In your own words, describe the method used by Kraken to assign a taxonomic classification to each read in a short-read readset. Include a description of the database and the classification tree. Include each of the main steps of the algorithm. **200 words max**

* Build Kraken database
    * Select a library which contains reference sequences, such as RefSeq from NCBI.
    * Create a database that contains every distict 31-mer in the library using JellyFish k-mer counter.
    * For each of the k-mer in the database, its LCA(least common ancestor) value is stored, which is calculated by using the taxonomy information of its original sequence.
* Perform a k-mer query
    * Similar k-mers are stored consecutively like a group in the database, and they have the same "minimizer" as the index, which is a short sequence produced by the k-mer sequence.
    * To query a k-mer for its LCA, the database locates its group by using its minimizer, then performs binary search within this group.
* Assign a taxonomic classification to a read
    * Map all the k-mers of this read to their LCA taxa by using the database above, these LCA taxa and taxonomy tree form a classification tree, in which each node is weighted with the number of k-mers mapped to the taxon of that node.
    * Scores are calculated by sum up node weights of the root-to-leaf path, finally the read is labelled with the taxon of the leaf node of the path with the maximum score.

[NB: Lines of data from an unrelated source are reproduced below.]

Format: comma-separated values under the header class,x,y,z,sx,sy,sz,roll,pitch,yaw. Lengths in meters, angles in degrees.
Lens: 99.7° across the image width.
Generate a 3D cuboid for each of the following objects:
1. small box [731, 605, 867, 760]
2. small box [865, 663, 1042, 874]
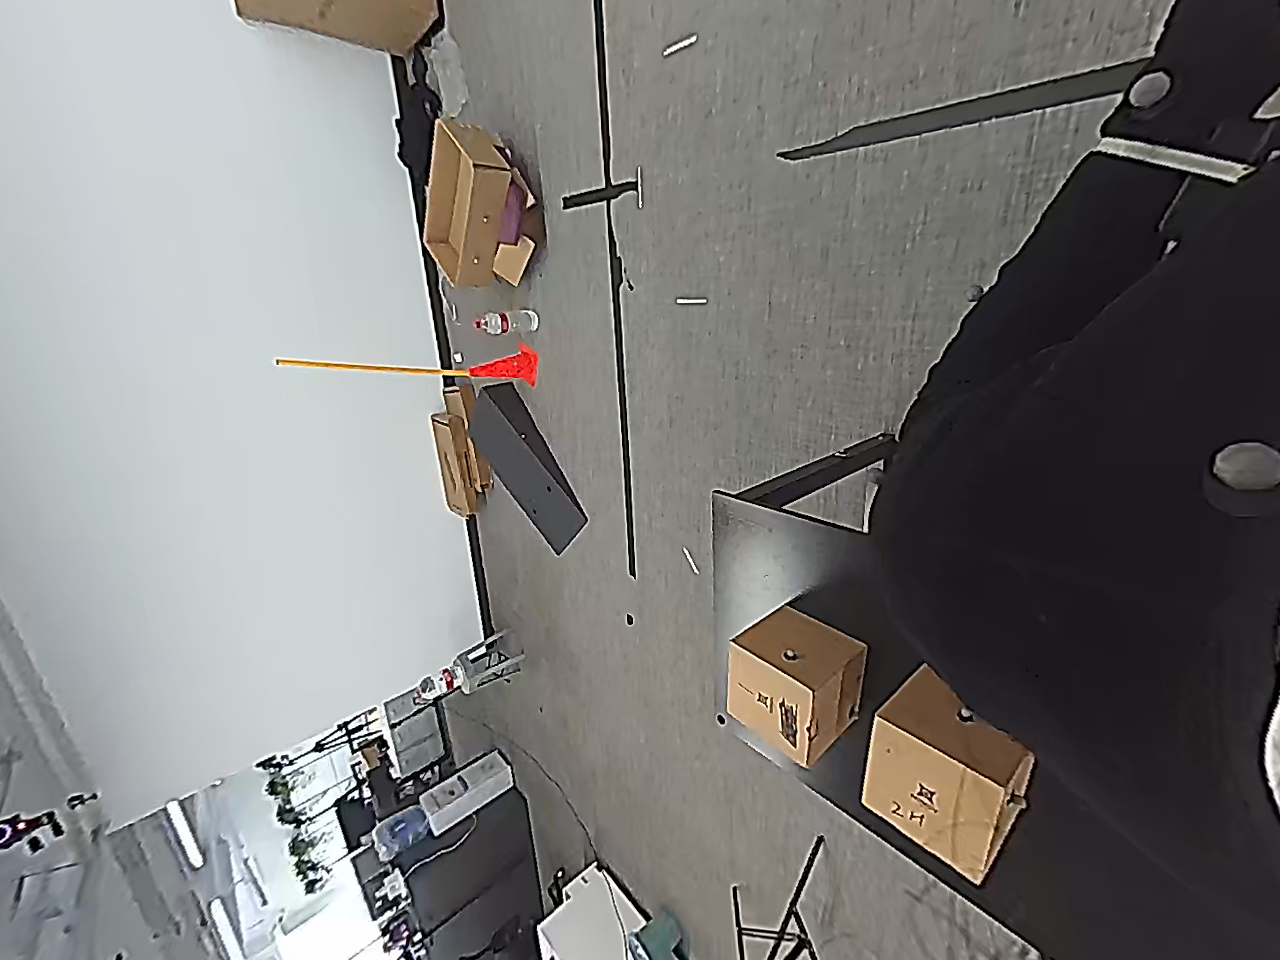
class,x,y,z,sx,sy,sz,roll,pitch,yaw
small box,0.287,0.352,0.982,0.179,0.176,0.168,22,121,46
small box,0.457,0.403,0.790,0.168,0.176,0.179,21,120,46

~~ GRADED CELL 3.2 (5 marks) - complete this cell ~~

A researcher used Kraken to assign taxonomic labels to a readset from throat swabs of children with throat infections. The researcher finds that very few of the reads have been assigned a label. Explain the most likely reason for this. Assume the researcher used the Kraken-GB database and that no reads were misclassified. **50 words max**

The sample readset contains sequences from bacteria genome that are not in the Kraken-GB database.

~~ GRADED CELL 3.3 (5 marks) - complete this cell ~~

What is the main limitation to using Kraken to estimate the microbial diversity of a previously unsampled environment? **50 words max**

Difficult to select a database or library that are promised to contain all the genomes that will present in the environment.

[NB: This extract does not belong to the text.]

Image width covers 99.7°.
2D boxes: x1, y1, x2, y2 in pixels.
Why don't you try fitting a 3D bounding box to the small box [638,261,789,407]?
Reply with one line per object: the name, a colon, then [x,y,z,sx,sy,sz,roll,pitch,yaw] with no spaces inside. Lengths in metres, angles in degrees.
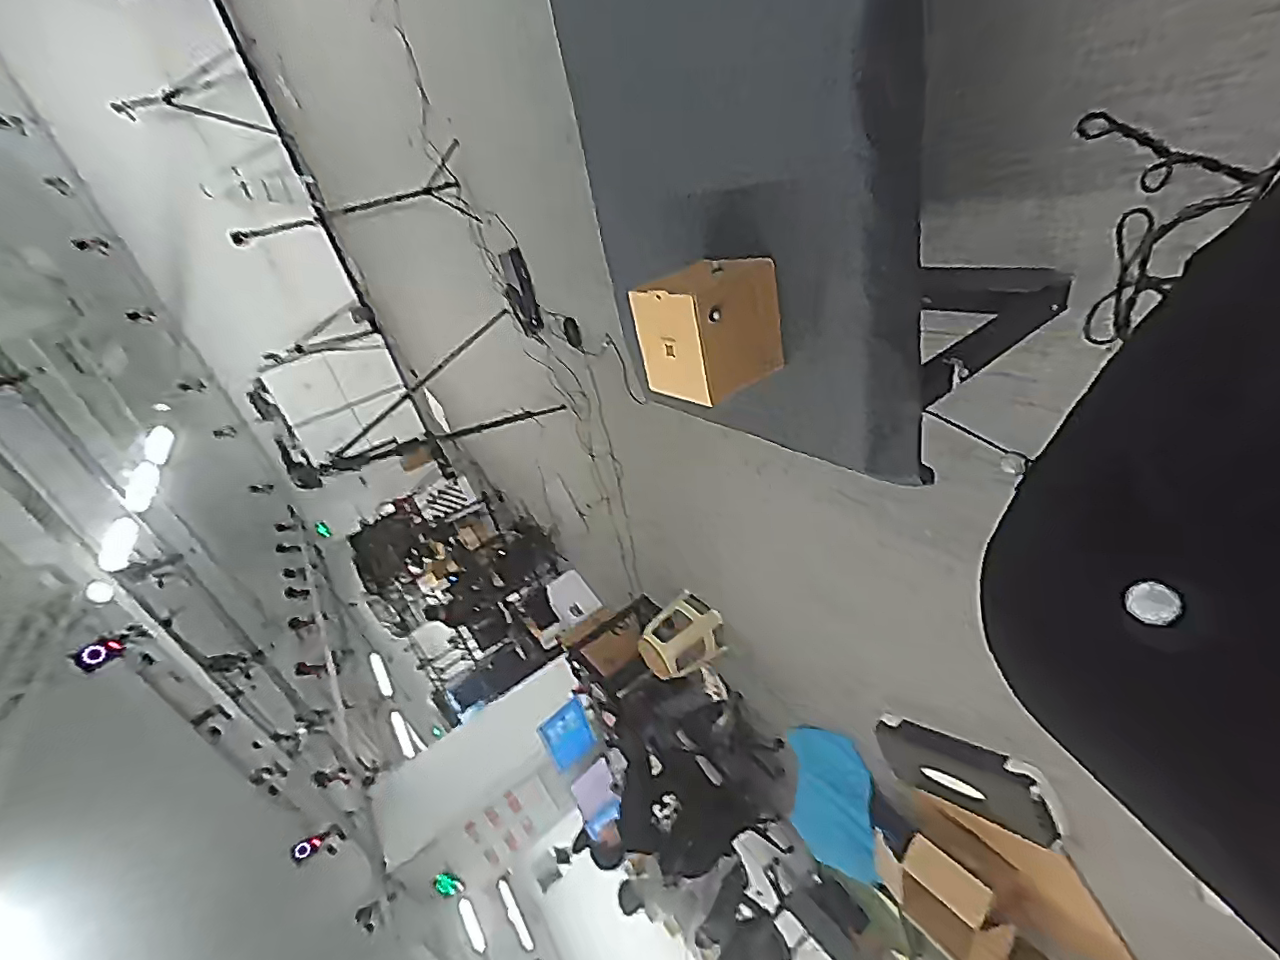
small box: [0.125,-0.243,0.884,0.168,0.176,0.179,28,140,51]

~~ GRADED CELL 3.4 (10 marks) - complete this cell ~~

Metagenomic readsets can be very large. Explain how Kraken achieves a fast run-time while preserving classification accuracy? **100 words max**

* In Kraken database, similar k-mers with the same minimizer are stored together in a range, the search result range of a new query will be put in CPU cache for subsequent queries, so that subsequent queries are expedited when they are in the same search range.
* Using XOR operation as the algorithm to compare M-mers, in order to create more even minimizer distribution.
* Before calculating new minimizer for a new query, search the result in previous search range first to prevent duplicated calculation.

~~ GRADED CELL 3.5 (10 marks) - complete this cell ~~

Describe a sequencing strategy and data analysis workflow including Kraken that could be used to determine whether a human patient is infected with SARS-CoV-2. Please state which tools are used and for what purposes (no need for version numbers or commands). Include some form of quality control. What sequences would be included in the Kraken database used for this application? **100 words max**

* Extract DNA sample from the patient
* Do RNA reverse transcription with the sample to produce cDNA
* Do PCR amplification
* For the quality control, use adaptor trimming to remove adaptor sequences, use filters to remove extremely short reads. 
* Use NGS to produce short read readsets
* Choose a library containing covid-19 genome to build a Kraken database
* Perform Kraken taxonomy classification to this readset, and see whether there are sequences labelled with covid-19.